RECORD SET Start Marker
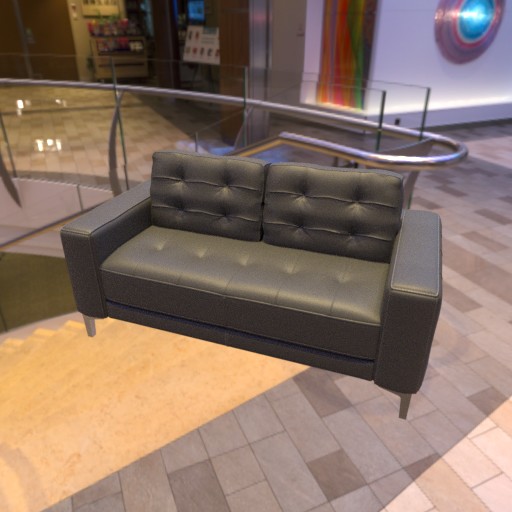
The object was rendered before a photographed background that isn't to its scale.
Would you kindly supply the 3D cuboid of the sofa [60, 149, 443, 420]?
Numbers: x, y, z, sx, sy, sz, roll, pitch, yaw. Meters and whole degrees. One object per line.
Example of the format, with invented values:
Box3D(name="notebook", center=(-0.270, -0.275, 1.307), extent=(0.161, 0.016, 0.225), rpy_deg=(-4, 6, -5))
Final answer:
Box3D(name="sofa", center=(0.000, 0.000, 2.247), extent=(1.726, 0.893, 0.833), rpy_deg=(10, 29, 18))
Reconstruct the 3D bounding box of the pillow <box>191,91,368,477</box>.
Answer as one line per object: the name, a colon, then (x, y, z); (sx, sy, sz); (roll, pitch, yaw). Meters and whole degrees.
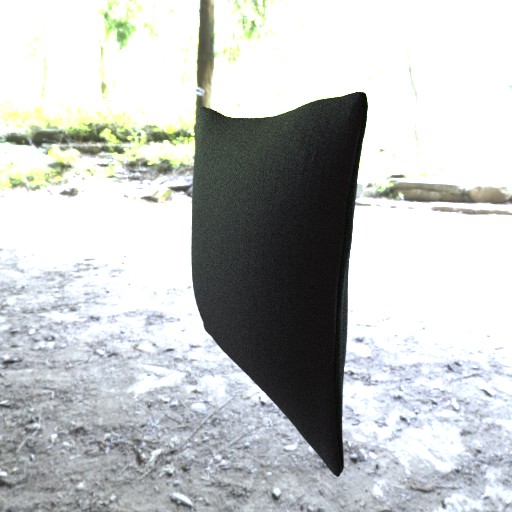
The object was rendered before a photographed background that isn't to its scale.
pillow: (0.000, 0.000, 0.632); (0.136, 0.419, 0.437); (-8, 18, -26)
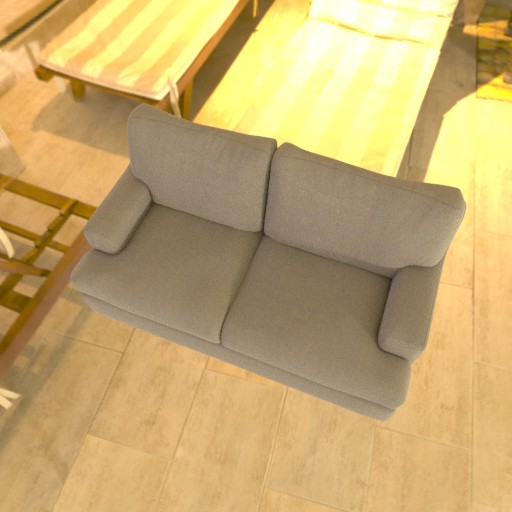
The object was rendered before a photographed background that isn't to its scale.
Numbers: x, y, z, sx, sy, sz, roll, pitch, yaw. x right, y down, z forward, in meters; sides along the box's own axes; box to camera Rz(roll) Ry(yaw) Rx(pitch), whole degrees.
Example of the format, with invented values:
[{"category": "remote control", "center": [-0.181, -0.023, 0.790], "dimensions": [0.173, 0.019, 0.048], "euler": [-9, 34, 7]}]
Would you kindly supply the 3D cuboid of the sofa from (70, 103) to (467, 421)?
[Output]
[{"category": "sofa", "center": [0.000, 0.000, 2.354], "dimensions": [1.855, 0.980, 0.962], "euler": [18, 59, 11]}]
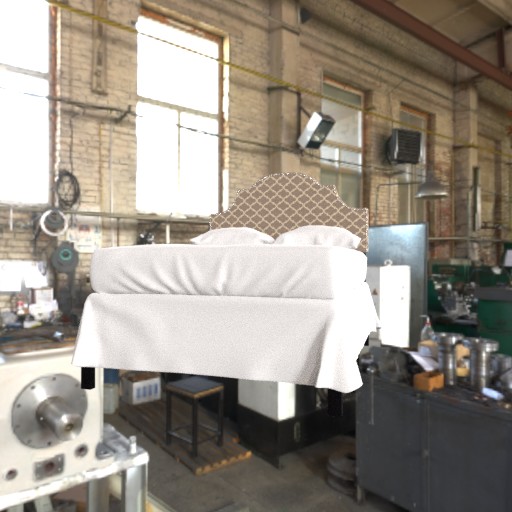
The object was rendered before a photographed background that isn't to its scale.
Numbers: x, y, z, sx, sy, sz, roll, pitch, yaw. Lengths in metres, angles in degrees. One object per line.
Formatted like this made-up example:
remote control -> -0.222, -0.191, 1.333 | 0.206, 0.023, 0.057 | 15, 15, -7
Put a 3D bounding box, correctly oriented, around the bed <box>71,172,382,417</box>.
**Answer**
bed -> 0.000, 0.000, 3.406 | 1.780, 1.633, 2.222 | 0, -1, 18
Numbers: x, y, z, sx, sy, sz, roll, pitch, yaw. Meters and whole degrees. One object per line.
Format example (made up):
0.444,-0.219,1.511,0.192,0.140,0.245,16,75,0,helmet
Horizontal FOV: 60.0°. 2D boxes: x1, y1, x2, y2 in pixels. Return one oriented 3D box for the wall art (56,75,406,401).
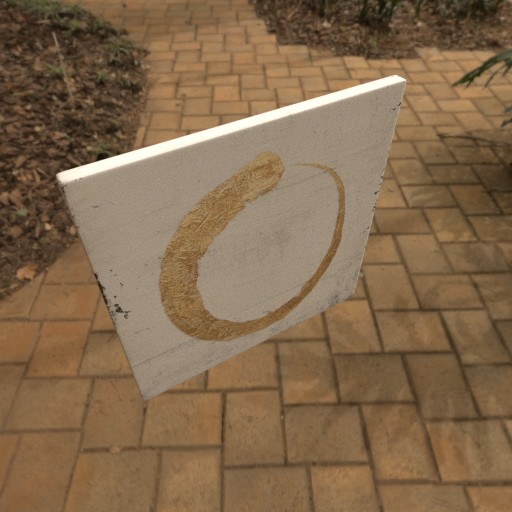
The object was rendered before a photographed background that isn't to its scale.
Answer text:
0.000,0.000,1.135,0.762,0.762,0.038,-23,50,-21,wall art
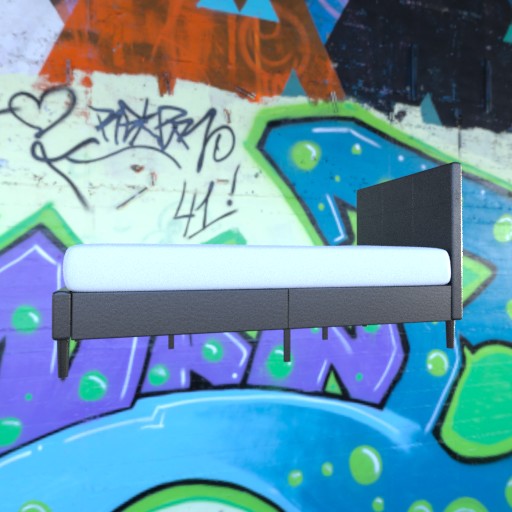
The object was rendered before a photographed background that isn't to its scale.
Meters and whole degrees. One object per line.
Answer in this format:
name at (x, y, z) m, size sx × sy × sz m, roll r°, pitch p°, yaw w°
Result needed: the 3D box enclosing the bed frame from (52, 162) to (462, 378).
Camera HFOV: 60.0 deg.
bed frame at (0.000, 0.000, 2.495) m, size 2.152 × 1.046 × 1.038 m, roll 0°, pitch -1°, yaw -18°
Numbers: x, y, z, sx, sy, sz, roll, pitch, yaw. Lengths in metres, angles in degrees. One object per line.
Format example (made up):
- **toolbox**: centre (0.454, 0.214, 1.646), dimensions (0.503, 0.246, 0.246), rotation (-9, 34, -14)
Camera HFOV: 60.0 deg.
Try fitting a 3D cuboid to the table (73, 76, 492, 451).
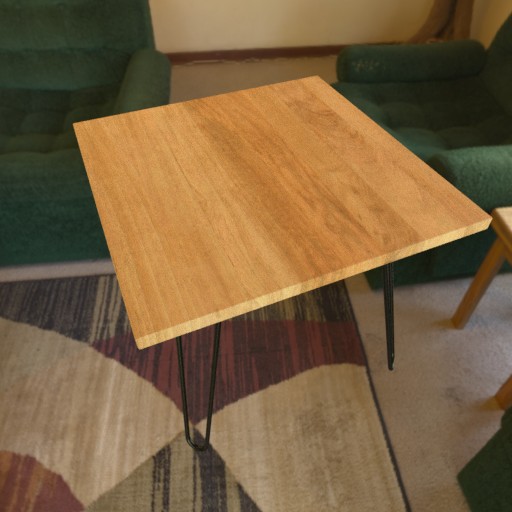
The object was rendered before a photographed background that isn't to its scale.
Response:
- **table**: centre (0.000, 0.000, 1.023), dimensions (0.599, 0.500, 0.599), rotation (-17, 48, -16)
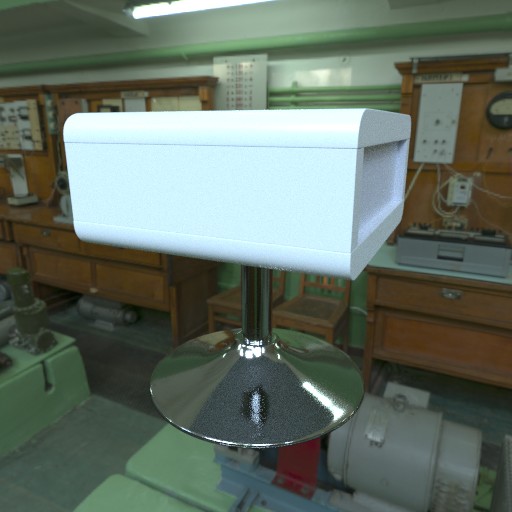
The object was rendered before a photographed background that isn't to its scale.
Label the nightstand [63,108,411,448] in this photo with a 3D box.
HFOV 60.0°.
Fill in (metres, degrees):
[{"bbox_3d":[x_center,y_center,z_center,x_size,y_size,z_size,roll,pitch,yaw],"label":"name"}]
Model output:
[{"bbox_3d":[0.000,0.000,0.733,0.404,0.447,0.399,8,18,24],"label":"nightstand"}]
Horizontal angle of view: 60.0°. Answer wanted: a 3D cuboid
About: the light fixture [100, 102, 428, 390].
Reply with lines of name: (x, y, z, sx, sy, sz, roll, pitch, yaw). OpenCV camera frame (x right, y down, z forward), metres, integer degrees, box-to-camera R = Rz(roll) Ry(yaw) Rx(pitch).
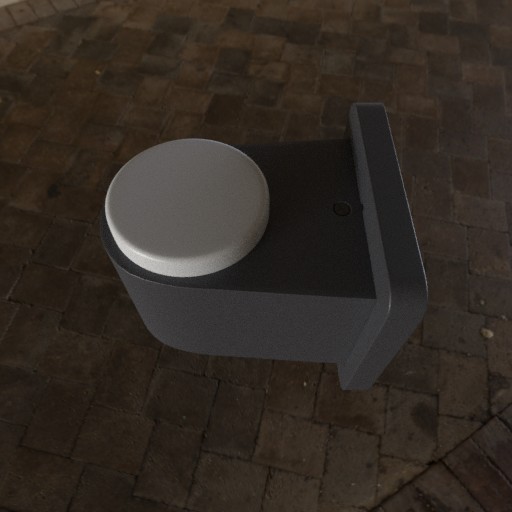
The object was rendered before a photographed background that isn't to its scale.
light fixture: (0.000, 0.000, 0.220, 0.132, 0.109, 0.109, 0, 58, 0)
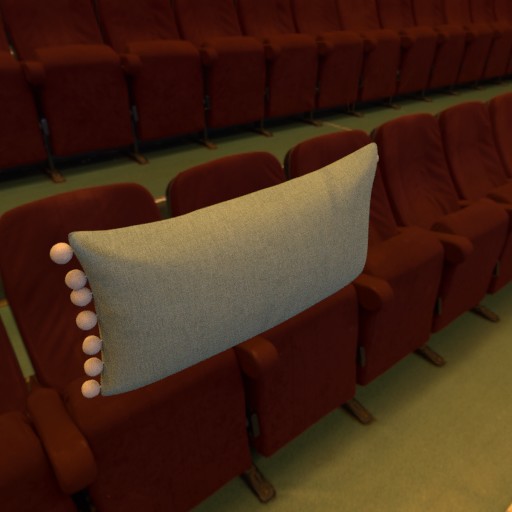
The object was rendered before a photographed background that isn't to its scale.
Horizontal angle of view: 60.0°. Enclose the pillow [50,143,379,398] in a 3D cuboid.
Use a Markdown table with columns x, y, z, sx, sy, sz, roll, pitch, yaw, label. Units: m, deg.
| x | y | z | sx | sy | sz | roll | pitch | yaw | label |
| --- | --- | --- | --- | --- | --- | --- | --- | --- | --- |
| 0.000 | 0.000 | 0.842 | 0.709 | 0.322 | 0.201 | -21 | 36 | -33 | pillow |
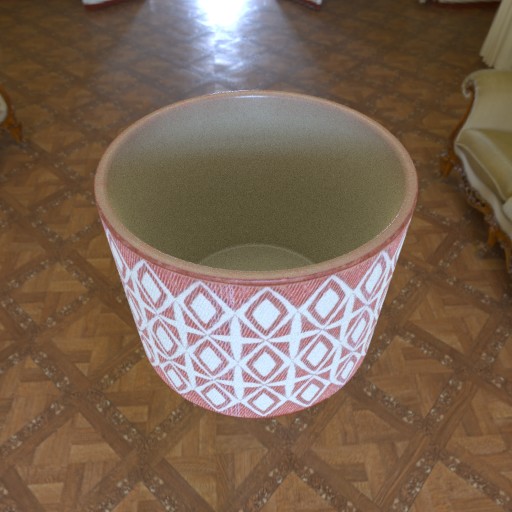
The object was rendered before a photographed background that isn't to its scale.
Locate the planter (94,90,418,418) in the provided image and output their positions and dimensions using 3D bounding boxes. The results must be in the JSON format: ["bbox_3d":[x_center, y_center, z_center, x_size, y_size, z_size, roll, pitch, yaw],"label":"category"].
[{"bbox_3d":[0.000,0.000,0.468,0.273,0.237,0.273,0,46,0],"label":"planter"}]
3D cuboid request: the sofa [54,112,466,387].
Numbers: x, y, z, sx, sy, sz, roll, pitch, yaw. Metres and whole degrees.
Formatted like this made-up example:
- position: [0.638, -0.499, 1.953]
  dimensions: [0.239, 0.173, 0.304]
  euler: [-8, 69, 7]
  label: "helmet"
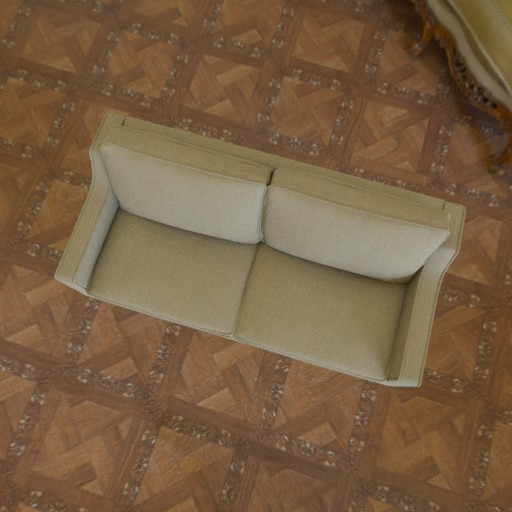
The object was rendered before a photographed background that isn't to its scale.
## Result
- position: [0.000, 0.000, 2.794]
  dimensions: [2.178, 1.071, 1.066]
  euler: [16, 75, 4]
  label: "sofa"
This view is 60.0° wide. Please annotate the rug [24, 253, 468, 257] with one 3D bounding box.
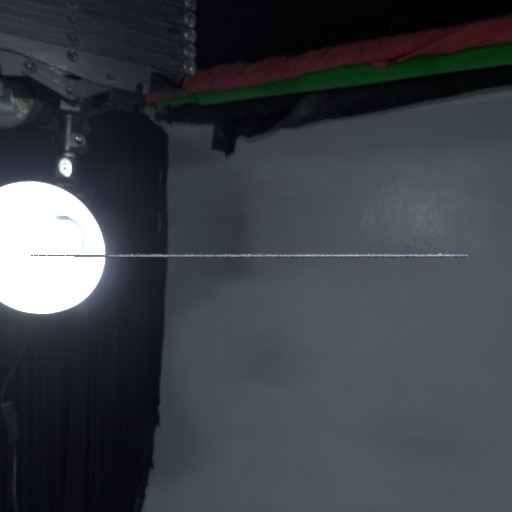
RECORD SET End Marker
Copy each record exactly. Leave any images out of the copy.

The object was rendered before a photographed background that isn't to its scale.
Would you kindly supply the 3D cuboid of the sofa [60, 149, 443, 420]?
Numbers: x, y, z, sx, sy, sz, roll, pitch, yaw. Meters and whole degrees. One object per line.
Example of the format, with invented values:
Box3D(name="notebook", center=(-0.270, -0.275, 1.307), extent=(0.161, 0.016, 0.225), rpy_deg=(-4, 6, -5))
Final answer:
Box3D(name="sofa", center=(0.000, 0.000, 2.247), extent=(1.726, 0.893, 0.833), rpy_deg=(10, 29, 18))
Reconstruct the 3D bounding box of the pillow <box>191,91,368,477</box>.
Answer as one line per object: the name, a colon, then (x, y, z); (sx, sy, sz); (roll, pitch, yaw). Meters and whole degrees.
The object was rendered before a photographed background that isn't to its scale.
pillow: (0.000, 0.000, 0.632); (0.136, 0.419, 0.437); (-8, 18, -26)
The object was rendered before a photographed background that isn't to its scale.
Numbers: x, y, z, sx, sy, sz, roll, pitch, yaw. x right, y down, z forward, in meters; sides along the box's own axes; box to camera Rz(roll) Ry(yaw) Rx(pitch), whole degrees.
Example of the format, with invented values:
[{"category": "remote control", "center": [-0.181, -0.023, 0.790], "dimensions": [0.173, 0.019, 0.048], "euler": [-9, 34, 7]}]
Would you kindly supply the 3D cuboid of the sofa from (70, 103) to (467, 421)?
[Output]
[{"category": "sofa", "center": [0.000, 0.000, 2.354], "dimensions": [1.855, 0.980, 0.962], "euler": [18, 59, 11]}]
The object was rendered before a photographed background that isn't to its scale.
Numbers: x, y, z, sx, sy, sz, roll, pitch, yaw. Lengths in metres, angles in degrees. One object per line.
Formatted like this made-up example:
remote control -> -0.222, -0.191, 1.333 | 0.206, 0.023, 0.057 | 15, 15, -7
Put a 3D bounding box, correctly oriented, around the bed <box>71,172,382,417</box>.
**Answer**
bed -> 0.000, 0.000, 3.406 | 1.780, 1.633, 2.222 | 0, -1, 18
Numbers: x, y, z, sx, sy, sz, roll, pitch, yaw. Meters and whole degrees. One object per line.
Format example (made up):
0.444,-0.219,1.511,0.192,0.140,0.245,16,75,0,helmet
Horizontal FOV: 60.0°. 2D boxes: x1, y1, x2, y2 in pixels. Return one oriented 3D box for the wall art (56,75,406,401).
The object was rendered before a photographed background that isn't to its scale.
Answer text:
0.000,0.000,1.135,0.762,0.762,0.038,-23,50,-21,wall art
The object was rendered before a photographed background that isn't to its scale.
Meters and whole degrees. One object per line.
Answer in this format:
name at (x, y, z) m, size sx × sy × sz m, roll r°, pitch p°, yaw w°
Result needed: the 3D box enclosing the bed frame from (52, 162) to (462, 378).
Camera HFOV: 60.0 deg.
bed frame at (0.000, 0.000, 2.495) m, size 2.152 × 1.046 × 1.038 m, roll 0°, pitch -1°, yaw -18°
Numbers: x, y, z, sx, sy, sz, roll, pitch, yaw. Lengths in metres, angles in degrees. One object per line.
Format example (made up):
- **toolbox**: centre (0.454, 0.214, 1.646), dimensions (0.503, 0.246, 0.246), rotation (-9, 34, -14)
Camera HFOV: 60.0 deg.
Try fitting a 3D cuboid to the table (73, 76, 492, 451).
The object was rendered before a photographed background that isn't to its scale.
Response:
- **table**: centre (0.000, 0.000, 1.023), dimensions (0.599, 0.500, 0.599), rotation (-17, 48, -16)
The object was rendered before a photographed background that isn't to its scale.
Label the nightstand [63,108,411,448] in this photo with a 3D box.
HFOV 60.0°.
Fill in (metres, degrees):
[{"bbox_3d":[x_center,y_center,z_center,x_size,y_size,z_size,roll,pitch,yaw],"label":"name"}]
Model output:
[{"bbox_3d":[0.000,0.000,0.733,0.404,0.447,0.399,8,18,24],"label":"nightstand"}]
Horizontal angle of view: 60.0°. Answer wanted: a 3D cuboid
About: the light fixture [100, 102, 428, 390].
Reply with lines of name: (x, y, z, sx, sy, sz, roll, pitch, yaw). OpenCV camera frame (x right, y down, z forward), metres, integer degrees, box-to-camera R = Rz(roll) Ry(yaw) Rx(pitch).
The object was rendered before a photographed background that isn't to its scale.
light fixture: (0.000, 0.000, 0.220, 0.132, 0.109, 0.109, 0, 58, 0)
The object was rendered before a photographed background that isn't to its scale.
Horizontal angle of view: 60.0°. Enclose the pillow [50,143,379,398] in a 3D cuboid.
Use a Markdown table with columns x, y, z, sx, sy, sz, roll, pitch, yaw, label. Units: m, deg.
| x | y | z | sx | sy | sz | roll | pitch | yaw | label |
| --- | --- | --- | --- | --- | --- | --- | --- | --- | --- |
| 0.000 | 0.000 | 0.842 | 0.709 | 0.322 | 0.201 | -21 | 36 | -33 | pillow |
The object was rendered before a photographed background that isn't to its scale.
Locate the planter (94,90,418,418) in the provided image and output their positions and dimensions using 3D bounding boxes. The results must be in the JSON format: ["bbox_3d":[x_center, y_center, z_center, x_size, y_size, z_size, roll, pitch, yaw],"label":"category"].
[{"bbox_3d":[0.000,0.000,0.468,0.273,0.237,0.273,0,46,0],"label":"planter"}]
3D cuboid request: the sofa [54,112,466,387].
Numbers: x, y, z, sx, sy, sz, roll, pitch, yaw. Metres and whole degrees.
Formatted like this made-up example:
- position: [0.638, -0.499, 1.953]
  dimensions: [0.239, 0.173, 0.304]
  euler: [-8, 69, 7]
  label: "helmet"
The object was rendered before a photographed background that isn't to its scale.
## Result
- position: [0.000, 0.000, 2.794]
  dimensions: [2.178, 1.071, 1.066]
  euler: [16, 75, 4]
  label: "sofa"
This view is 60.0° wide. Please annotate the rug [24, 253, 468, 257] with one 3D bounding box.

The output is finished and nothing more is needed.